**WHAT IS NEEDED:** The lines below that include "images" are to be found and copied.

Records excerpted from a collection

BEGIN

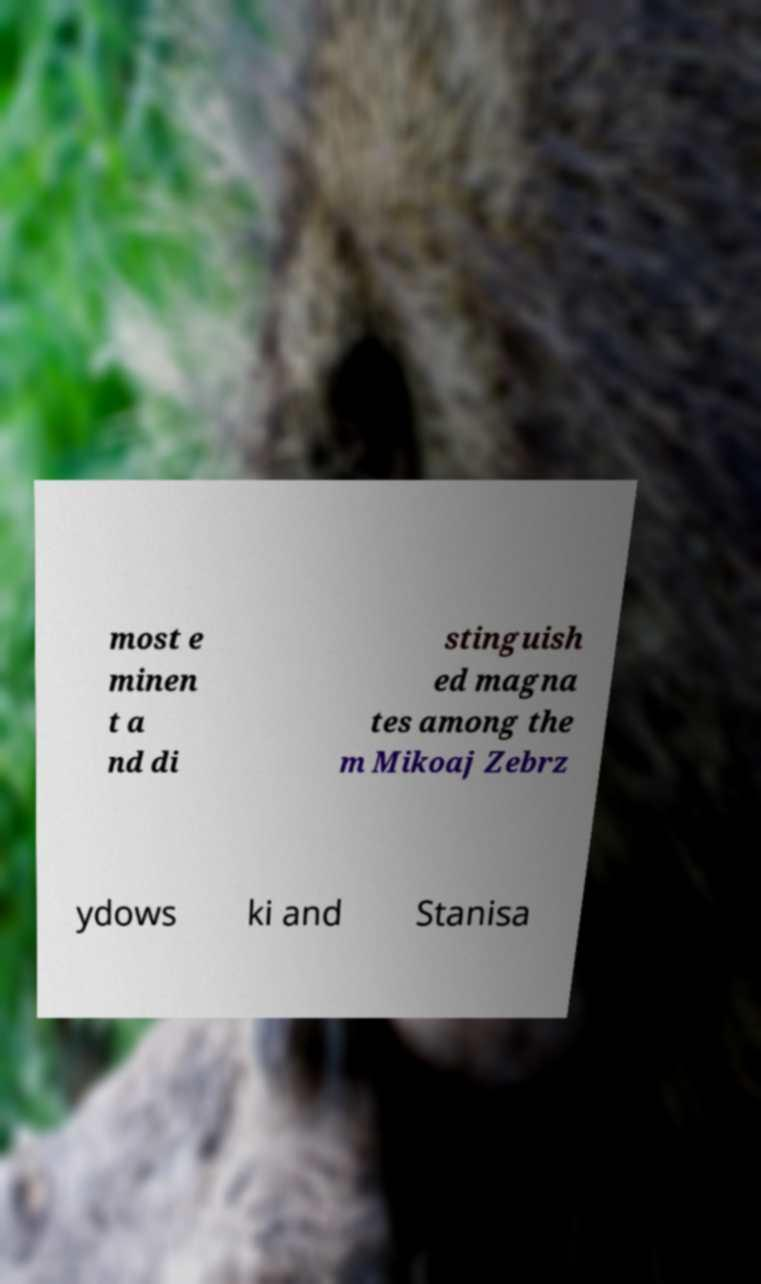Please read and relay the text visible in this image. What does it say? most e minen t a nd di stinguish ed magna tes among the m Mikoaj Zebrz ydows ki and Stanisa 
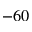<formula> <loc_0><loc_0><loc_500><loc_500>- 6 0</formula> 
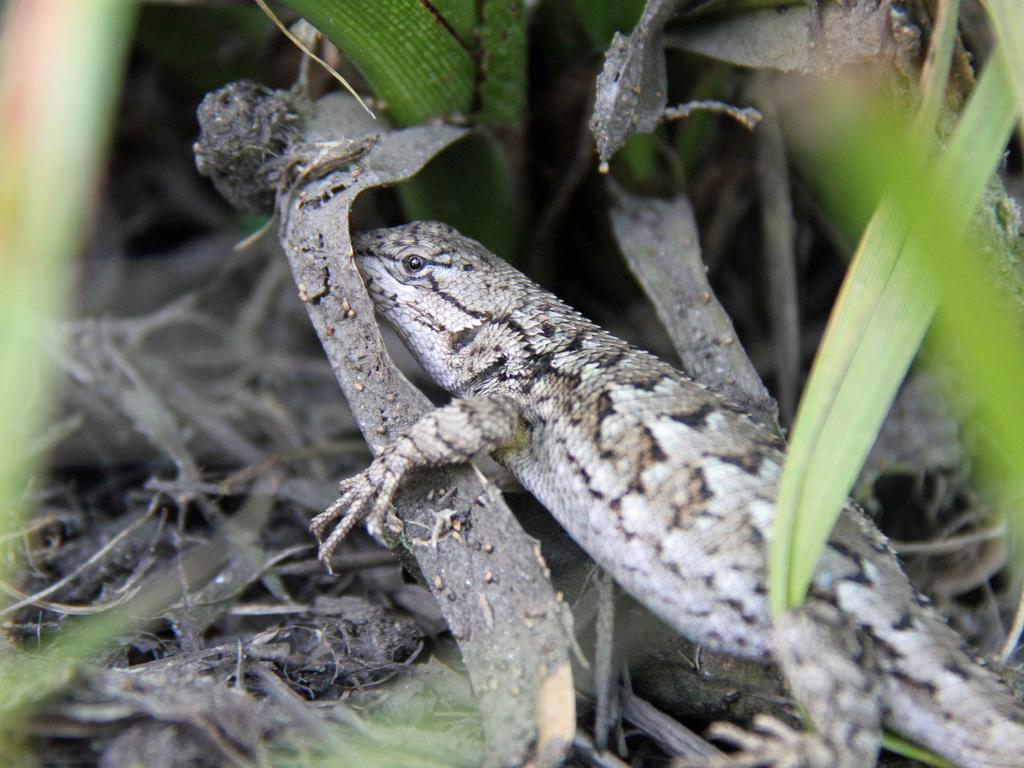What type of vegetation can be seen in the image? There are leaves in the image. What animal is located in the middle of the image? There is a lizard in the middle of the image. Is the lizard driving a car in the image? No, there is no car or driving activity depicted in the image. What type of cheese is present in the image? There is no cheese present in the image; it features leaves and a lizard. 
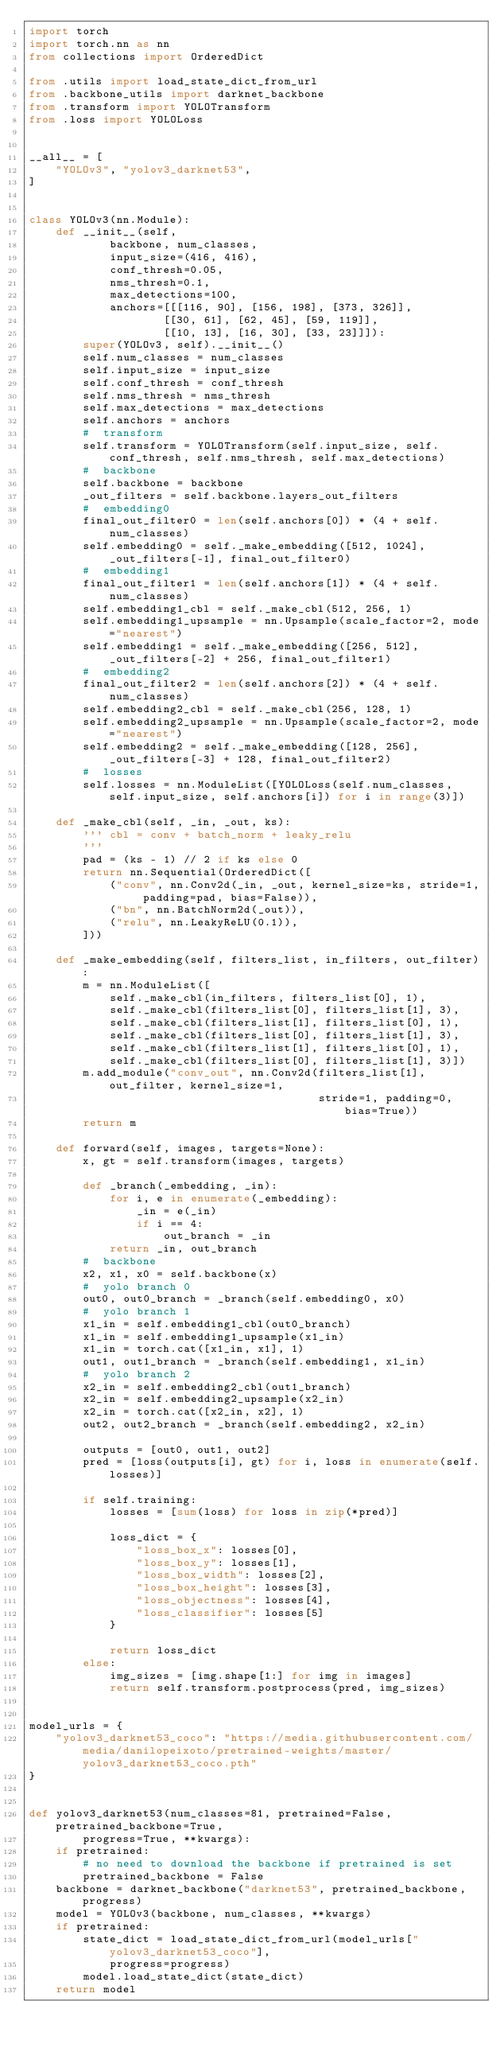<code> <loc_0><loc_0><loc_500><loc_500><_Python_>import torch
import torch.nn as nn
from collections import OrderedDict

from .utils import load_state_dict_from_url
from .backbone_utils import darknet_backbone
from .transform import YOLOTransform
from .loss import YOLOLoss


__all__ = [
    "YOLOv3", "yolov3_darknet53",
]


class YOLOv3(nn.Module):
    def __init__(self,
            backbone, num_classes,
            input_size=(416, 416),
            conf_thresh=0.05,
            nms_thresh=0.1,
            max_detections=100,
            anchors=[[[116, 90], [156, 198], [373, 326]],
                    [[30, 61], [62, 45], [59, 119]],
                    [[10, 13], [16, 30], [33, 23]]]):
        super(YOLOv3, self).__init__()
        self.num_classes = num_classes
        self.input_size = input_size
        self.conf_thresh = conf_thresh
        self.nms_thresh = nms_thresh
        self.max_detections = max_detections
        self.anchors = anchors
        #  transform
        self.transform = YOLOTransform(self.input_size, self.conf_thresh, self.nms_thresh, self.max_detections)
        #  backbone
        self.backbone = backbone
        _out_filters = self.backbone.layers_out_filters
        #  embedding0
        final_out_filter0 = len(self.anchors[0]) * (4 + self.num_classes)
        self.embedding0 = self._make_embedding([512, 1024], _out_filters[-1], final_out_filter0)
        #  embedding1
        final_out_filter1 = len(self.anchors[1]) * (4 + self.num_classes)
        self.embedding1_cbl = self._make_cbl(512, 256, 1)
        self.embedding1_upsample = nn.Upsample(scale_factor=2, mode="nearest")
        self.embedding1 = self._make_embedding([256, 512], _out_filters[-2] + 256, final_out_filter1)
        #  embedding2
        final_out_filter2 = len(self.anchors[2]) * (4 + self.num_classes)
        self.embedding2_cbl = self._make_cbl(256, 128, 1)
        self.embedding2_upsample = nn.Upsample(scale_factor=2, mode="nearest")
        self.embedding2 = self._make_embedding([128, 256], _out_filters[-3] + 128, final_out_filter2)
        #  losses
        self.losses = nn.ModuleList([YOLOLoss(self.num_classes, self.input_size, self.anchors[i]) for i in range(3)])

    def _make_cbl(self, _in, _out, ks):
        ''' cbl = conv + batch_norm + leaky_relu
        '''
        pad = (ks - 1) // 2 if ks else 0
        return nn.Sequential(OrderedDict([
            ("conv", nn.Conv2d(_in, _out, kernel_size=ks, stride=1, padding=pad, bias=False)),
            ("bn", nn.BatchNorm2d(_out)),
            ("relu", nn.LeakyReLU(0.1)),
        ]))

    def _make_embedding(self, filters_list, in_filters, out_filter):
        m = nn.ModuleList([
            self._make_cbl(in_filters, filters_list[0], 1),
            self._make_cbl(filters_list[0], filters_list[1], 3),
            self._make_cbl(filters_list[1], filters_list[0], 1),
            self._make_cbl(filters_list[0], filters_list[1], 3),
            self._make_cbl(filters_list[1], filters_list[0], 1),
            self._make_cbl(filters_list[0], filters_list[1], 3)])
        m.add_module("conv_out", nn.Conv2d(filters_list[1], out_filter, kernel_size=1,
                                           stride=1, padding=0, bias=True))
        return m

    def forward(self, images, targets=None):
        x, gt = self.transform(images, targets)
        
        def _branch(_embedding, _in):
            for i, e in enumerate(_embedding):
                _in = e(_in)
                if i == 4:
                    out_branch = _in
            return _in, out_branch
        #  backbone
        x2, x1, x0 = self.backbone(x)
        #  yolo branch 0
        out0, out0_branch = _branch(self.embedding0, x0)
        #  yolo branch 1
        x1_in = self.embedding1_cbl(out0_branch)
        x1_in = self.embedding1_upsample(x1_in)
        x1_in = torch.cat([x1_in, x1], 1)
        out1, out1_branch = _branch(self.embedding1, x1_in)
        #  yolo branch 2
        x2_in = self.embedding2_cbl(out1_branch)
        x2_in = self.embedding2_upsample(x2_in)
        x2_in = torch.cat([x2_in, x2], 1)
        out2, out2_branch = _branch(self.embedding2, x2_in)

        outputs = [out0, out1, out2]
        pred = [loss(outputs[i], gt) for i, loss in enumerate(self.losses)]
        
        if self.training:
            losses = [sum(loss) for loss in zip(*pred)]

            loss_dict = {
                "loss_box_x": losses[0],
                "loss_box_y": losses[1],
                "loss_box_width": losses[2],
                "loss_box_height": losses[3],
                "loss_objectness": losses[4],
                "loss_classifier": losses[5]
            }

            return loss_dict
        else:
            img_sizes = [img.shape[1:] for img in images]
            return self.transform.postprocess(pred, img_sizes)


model_urls = {
    "yolov3_darknet53_coco": "https://media.githubusercontent.com/media/danilopeixoto/pretrained-weights/master/yolov3_darknet53_coco.pth"
}


def yolov3_darknet53(num_classes=81, pretrained=False, pretrained_backbone=True,
        progress=True, **kwargs):
    if pretrained:
        # no need to download the backbone if pretrained is set
        pretrained_backbone = False
    backbone = darknet_backbone("darknet53", pretrained_backbone, progress)
    model = YOLOv3(backbone, num_classes, **kwargs)
    if pretrained:
        state_dict = load_state_dict_from_url(model_urls["yolov3_darknet53_coco"],
            progress=progress)
        model.load_state_dict(state_dict)
    return model
</code> 
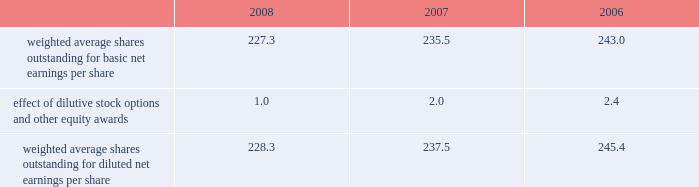Reasonably possible that such matters will be resolved in the next twelve months , but we do not anticipate that the resolution of these matters would result in any material impact on our results of operations or financial position .
Foreign jurisdictions have statutes of limitations generally ranging from 3 to 5 years .
Years still open to examination by foreign tax authorities in major jurisdictions include australia ( 2003 onward ) , canada ( 2002 onward ) , france ( 2006 onward ) , germany ( 2005 onward ) , italy ( 2005 onward ) , japan ( 2002 onward ) , puerto rico ( 2005 onward ) , singapore ( 2003 onward ) , switzerland ( 2006 onward ) and the united kingdom ( 2006 onward ) .
Our tax returns are currently under examination in various foreign jurisdictions .
The most significant foreign tax jurisdiction under examination is the united kingdom .
It is reasonably possible that such audits will be resolved in the next twelve months , but we do not anticipate that the resolution of these audits would result in any material impact on our results of operations or financial position .
13 .
Capital stock and earnings per share we are authorized to issue 250 million shares of preferred stock , none of which were issued or outstanding as of december 31 , 2008 .
The numerator for both basic and diluted earnings per share is net earnings available to common stockholders .
The denominator for basic earnings per share is the weighted average number of common shares outstanding during the period .
The denominator for diluted earnings per share is weighted average shares outstanding adjusted for the effect of dilutive stock options and other equity awards .
The following is a reconciliation of weighted average shares for the basic and diluted share computations for the years ending december 31 ( in millions ) : .
Weighted average shares outstanding for basic net earnings per share 227.3 235.5 243.0 effect of dilutive stock options and other equity awards 1.0 2.0 2.4 weighted average shares outstanding for diluted net earnings per share 228.3 237.5 245.4 for the year ended december 31 , 2008 , an average of 11.2 million options to purchase shares of common stock were not included in the computation of diluted earnings per share as the exercise prices of these options were greater than the average market price of the common stock .
For the years ended december 31 , 2007 and 2006 , an average of 3.1 million and 7.6 million options , respectively , were not included .
During 2008 , we repurchased approximately 10.8 million shares of our common stock at an average price of $ 68.72 per share for a total cash outlay of $ 737.0 million , including commissions .
In april 2008 , we announced that our board of directors authorized a $ 1.25 billion share repurchase program which expires december 31 , 2009 .
Approximately $ 1.13 billion remains authorized under this plan .
14 .
Segment data we design , develop , manufacture and market orthopaedic and dental reconstructive implants , spinal implants , trauma products and related surgical products which include surgical supplies and instruments designed to aid in orthopaedic surgical procedures and post-operation rehabilitation .
We also provide other healthcare-related services .
Revenue related to these services currently represents less than 1 percent of our total net sales .
We manage operations through three major geographic segments 2013 the americas , which is comprised principally of the united states and includes other north , central and south american markets ; europe , which is comprised principally of europe and includes the middle east and africa ; and asia pacific , which is comprised primarily of japan and includes other asian and pacific markets .
This structure is the basis for our reportable segment information discussed below .
Management evaluates operating segment performance based upon segment operating profit exclusive of operating expenses pertaining to global operations and corporate expenses , share-based compensation expense , settlement , certain claims , acquisition , integration and other expenses , inventory step-up , in-process research and development write-offs and intangible asset amortization expense .
Global operations include research , development engineering , medical education , brand management , corporate legal , finance , and human resource functions , and u.s .
And puerto rico-based manufacturing operations and logistics .
Intercompany transactions have been eliminated from segment operating profit .
Management reviews accounts receivable , inventory , property , plant and equipment , goodwill and intangible assets by reportable segment exclusive of u.s and puerto rico-based manufacturing operations and logistics and corporate assets .
Z i m m e r h o l d i n g s , i n c .
2 0 0 8 f o r m 1 0 - k a n n u a l r e p o r t notes to consolidated financial statements ( continued ) %%transmsg*** transmitting job : c48761 pcn : 058000000 ***%%pcmsg|58 |00011|yes|no|02/24/2009 19:25|0|0|page is valid , no graphics -- color : d| .
Percent change of average shares outstanding when taking dilution into consideration in 2008? 
Computations: ((228.3 / 227.3) - 1)
Answer: 0.0044. 
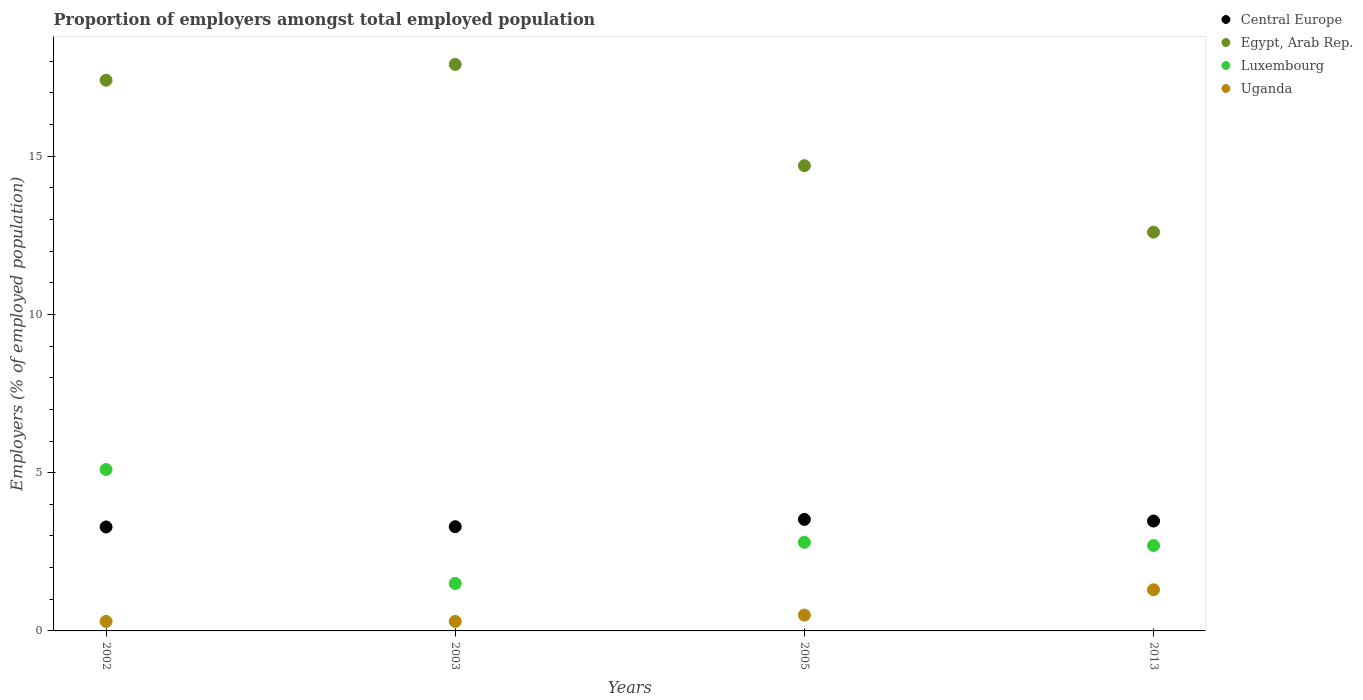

END

**ANSWER SPACE:**
    def forward(self, images, targets=None):
        x, gt = self.transform(images, targets)
            img_sizes = [img.shape[1:] for img in images]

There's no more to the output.